The lane dipped to a narrow stony brook that bordered a field of Indian corn, and Carl loosed his gelding’s reins and watched as the horse dropped his head into the gurgling water.

“And the war news?” she asked quietly.

“Is nothing you wouldn’t have read in the newspaper.

If we can get the Northern Army into Montreal before winter, we could have Britain out of North America by spring!

We’ll win this bloody war yet, Merry.

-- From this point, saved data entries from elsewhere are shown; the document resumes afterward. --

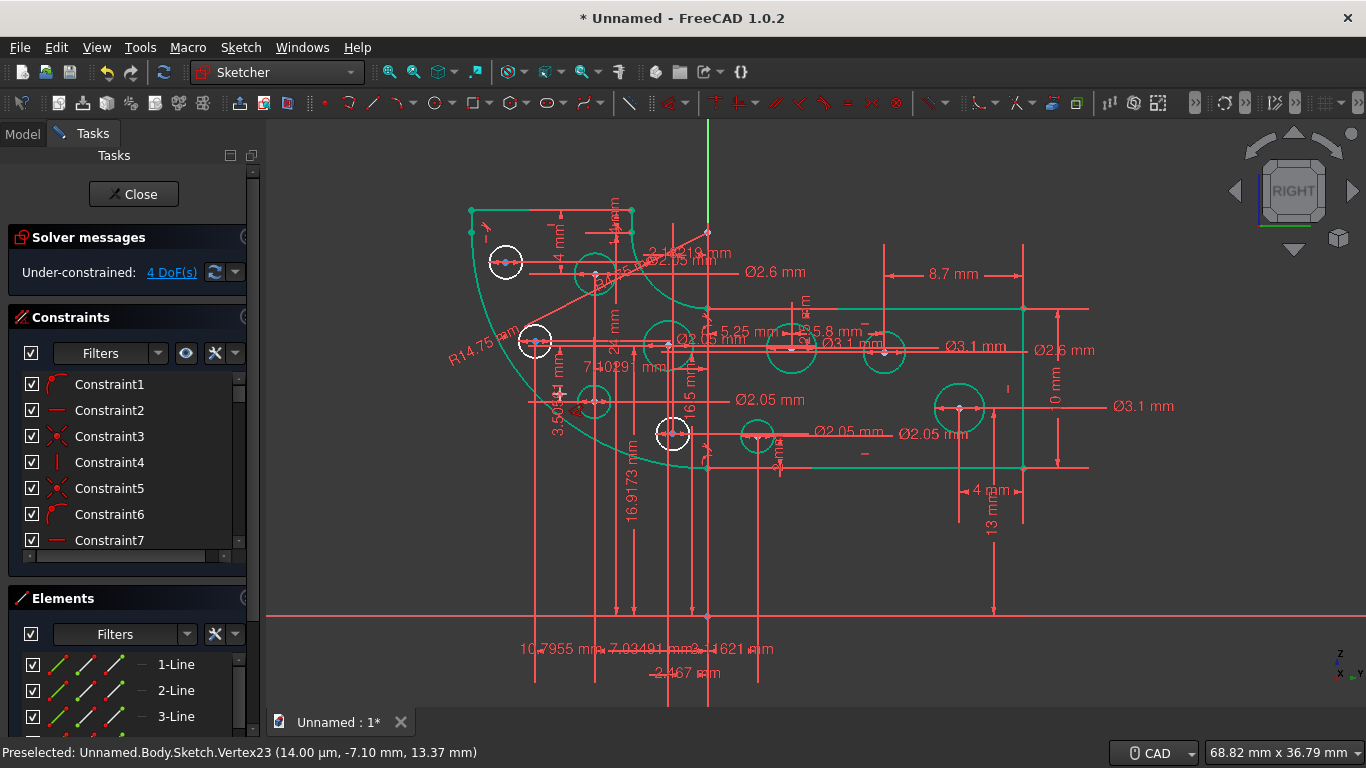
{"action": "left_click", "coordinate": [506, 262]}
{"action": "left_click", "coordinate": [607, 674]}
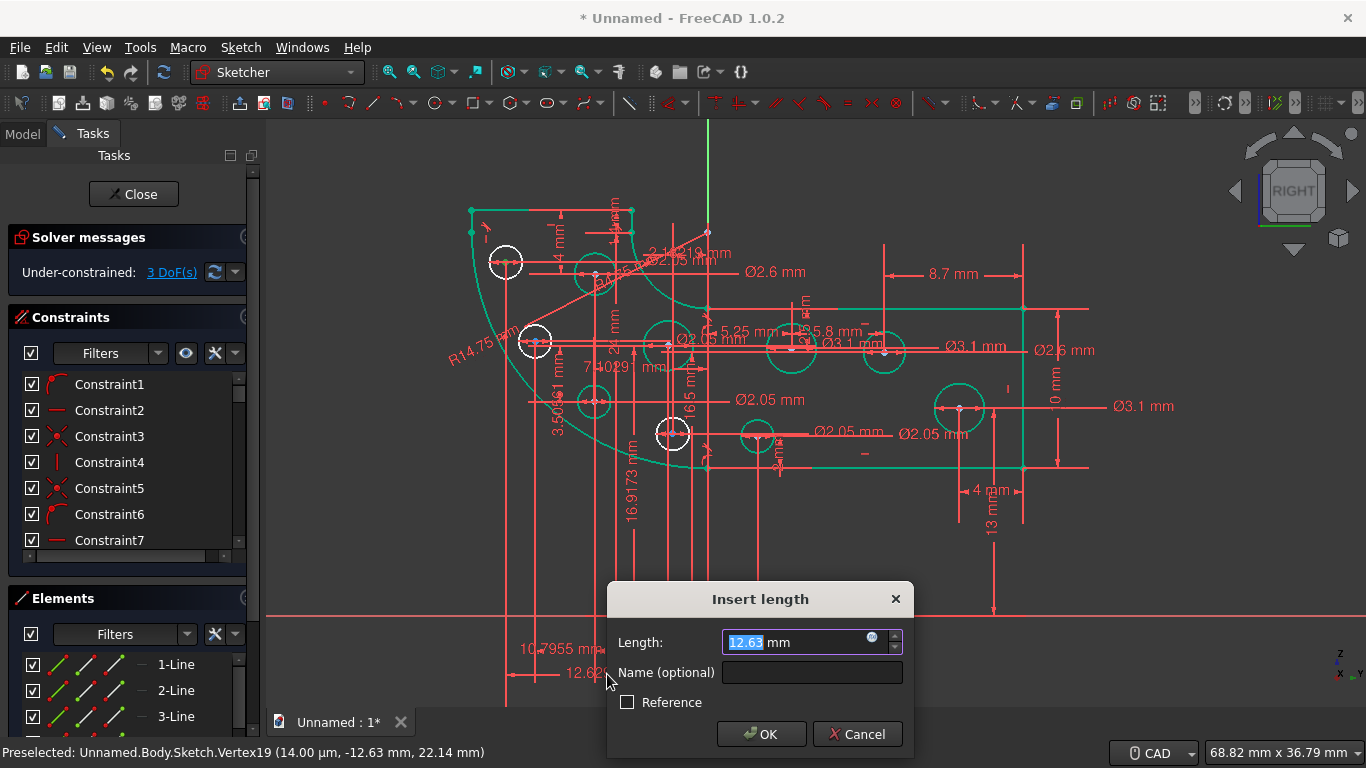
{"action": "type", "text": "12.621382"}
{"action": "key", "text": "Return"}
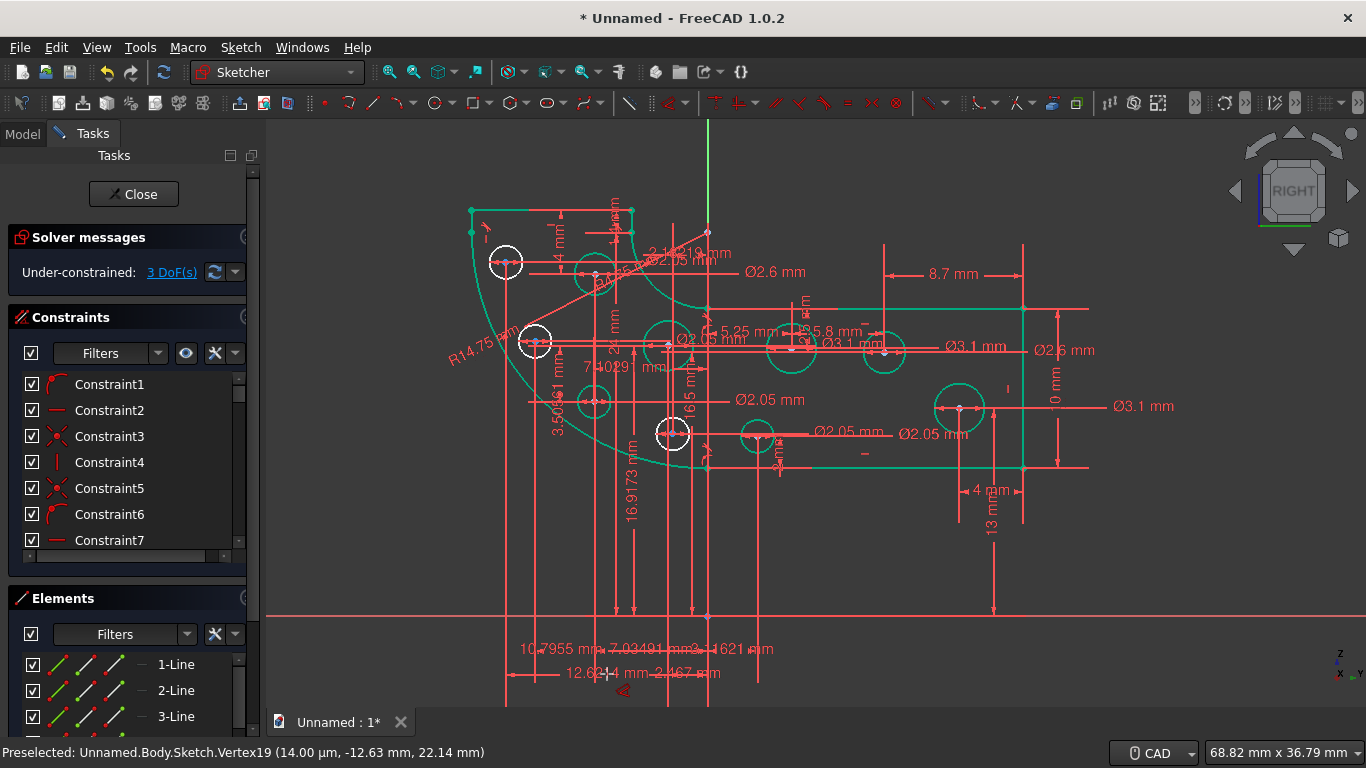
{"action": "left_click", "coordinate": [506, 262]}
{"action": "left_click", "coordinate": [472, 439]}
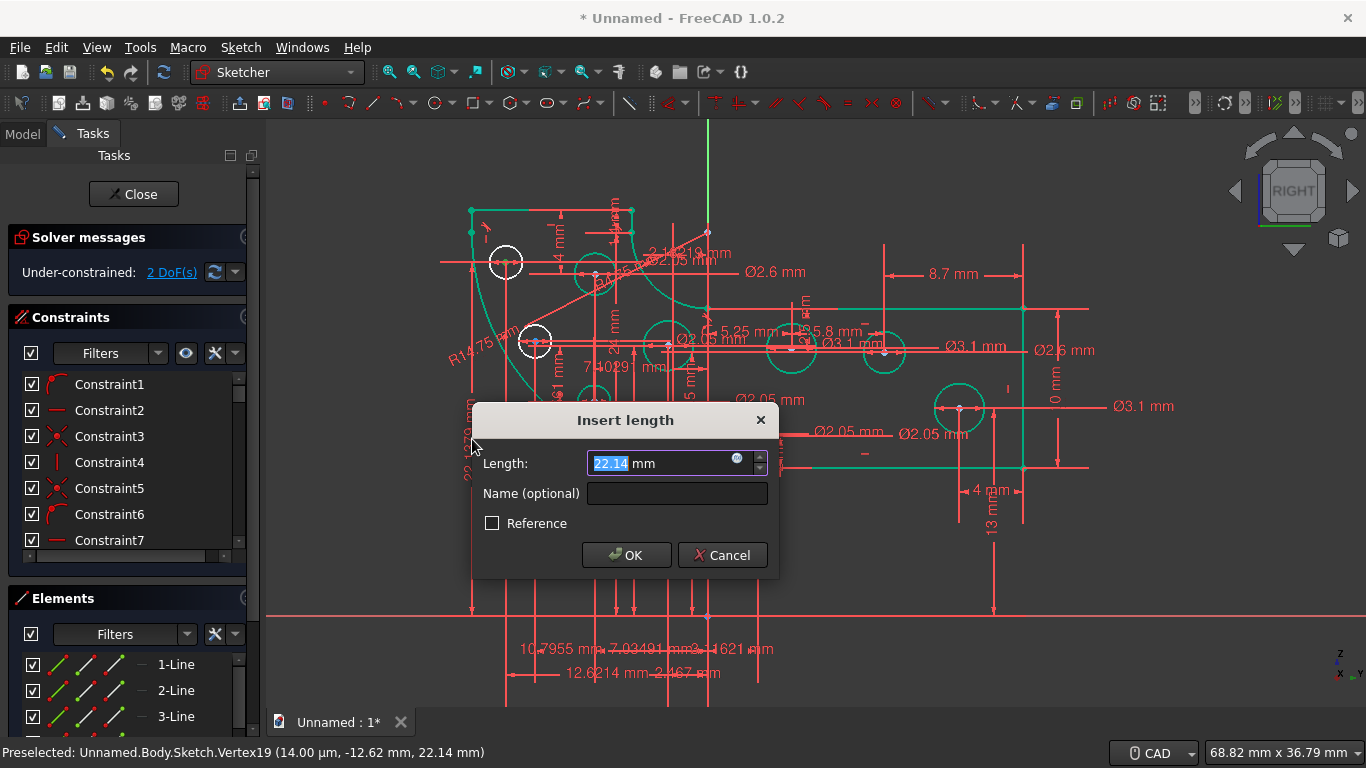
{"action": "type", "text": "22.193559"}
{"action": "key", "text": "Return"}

Justice is with us.

” He scooped a round, glistening stone from the brook and lofted it hard into the corn, scaring out a large crow, which flapped tiredly away toward a far stand of trees.

“Farewell hope, then, Britannia,” cried Merry, pulling a handkerchief from her sleeve and holding it up to wave in the hot breeze.

As he watched her his face changed, as though a new and uncomfortable thought was first entering his mind. He said suddenly, “We can’t take you to the tavern looking like that.”

“Why, of course not, Carl. I told you I should have returned to the house for a bonnet…”

“No, not a bonnet. An old hat, felt, I think; cheap felt. And I’ll need a shabby dress.”

She couldn’t resist it. “Oh, are you going in disguise as well?”

He gave her a wisp of a smile. “Of course I’ll be in disguise, but not in skirts, Merry.”

“What then?”

“You’ll find out Thursday night.”

The modest home that Merry shared with her aunt had been pretty once, with its brick patterns of Flemish bond and richly detailed interior woodwork, the latter mostly covered now with muting layers of olive house paint.

The kitchen alone was large, but the other rooms were high with many windows broken into small square panes that charted the faded carpets in white sunlight.